* TASK INPUT *
--*--

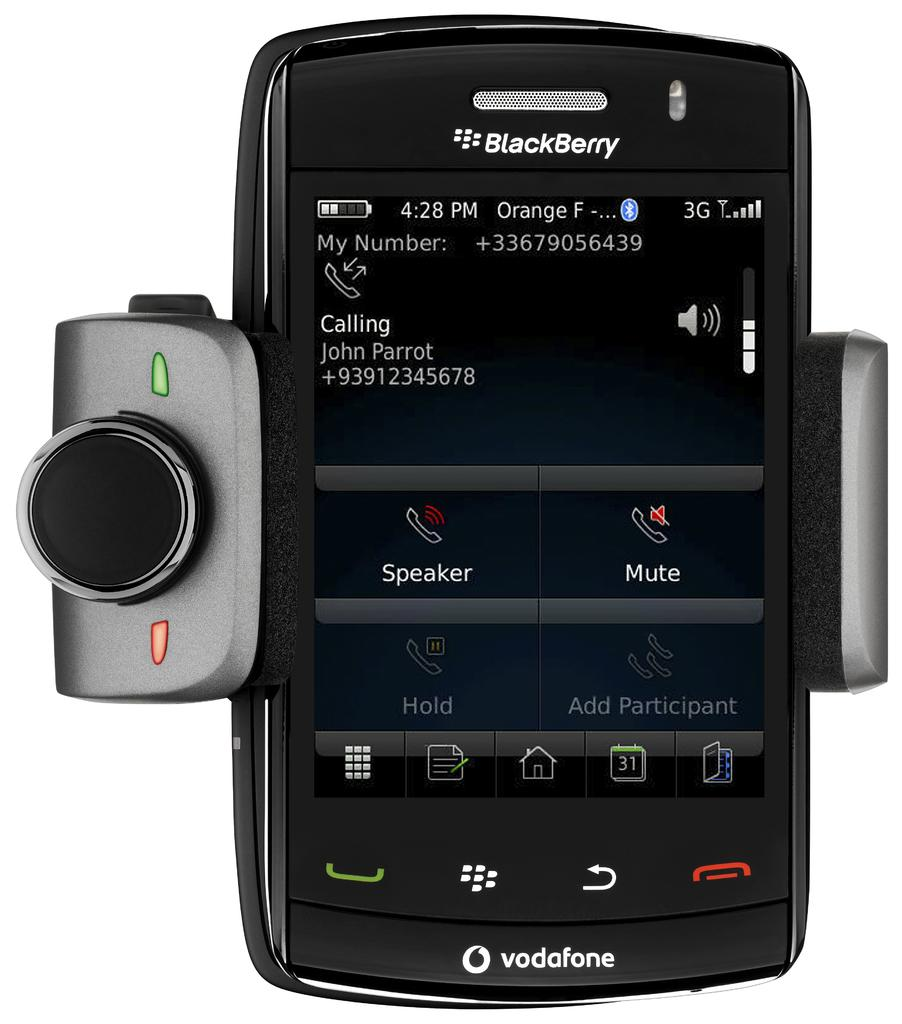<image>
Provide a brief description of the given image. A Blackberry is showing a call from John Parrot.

--*--

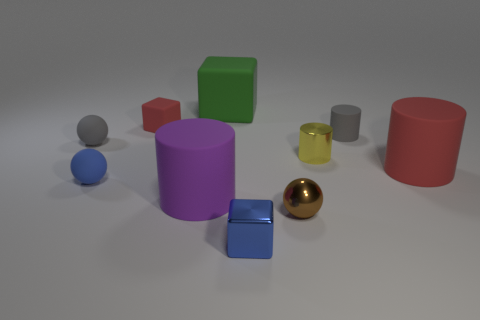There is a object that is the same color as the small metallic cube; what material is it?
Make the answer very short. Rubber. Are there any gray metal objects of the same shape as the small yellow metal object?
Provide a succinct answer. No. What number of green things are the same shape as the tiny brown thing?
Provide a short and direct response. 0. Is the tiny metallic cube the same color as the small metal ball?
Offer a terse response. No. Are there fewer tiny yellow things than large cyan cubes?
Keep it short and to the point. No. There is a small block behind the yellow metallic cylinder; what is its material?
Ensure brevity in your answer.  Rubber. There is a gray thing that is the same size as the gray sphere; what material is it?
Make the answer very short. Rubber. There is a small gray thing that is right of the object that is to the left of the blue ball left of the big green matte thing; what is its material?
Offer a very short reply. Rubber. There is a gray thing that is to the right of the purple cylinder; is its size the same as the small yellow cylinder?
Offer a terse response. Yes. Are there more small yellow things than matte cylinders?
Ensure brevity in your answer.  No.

--*--

Find the word "Make" in the entries, then copy out every line that has it.

Make the answer very short. Rubber. Are there any gray metal objects of the same shape as the small yellow metal object?
Make the answer very short. Rubber. There is a small gray thing that is right of the object that is to the left of the blue ball left of the big green matte thing; what is its material?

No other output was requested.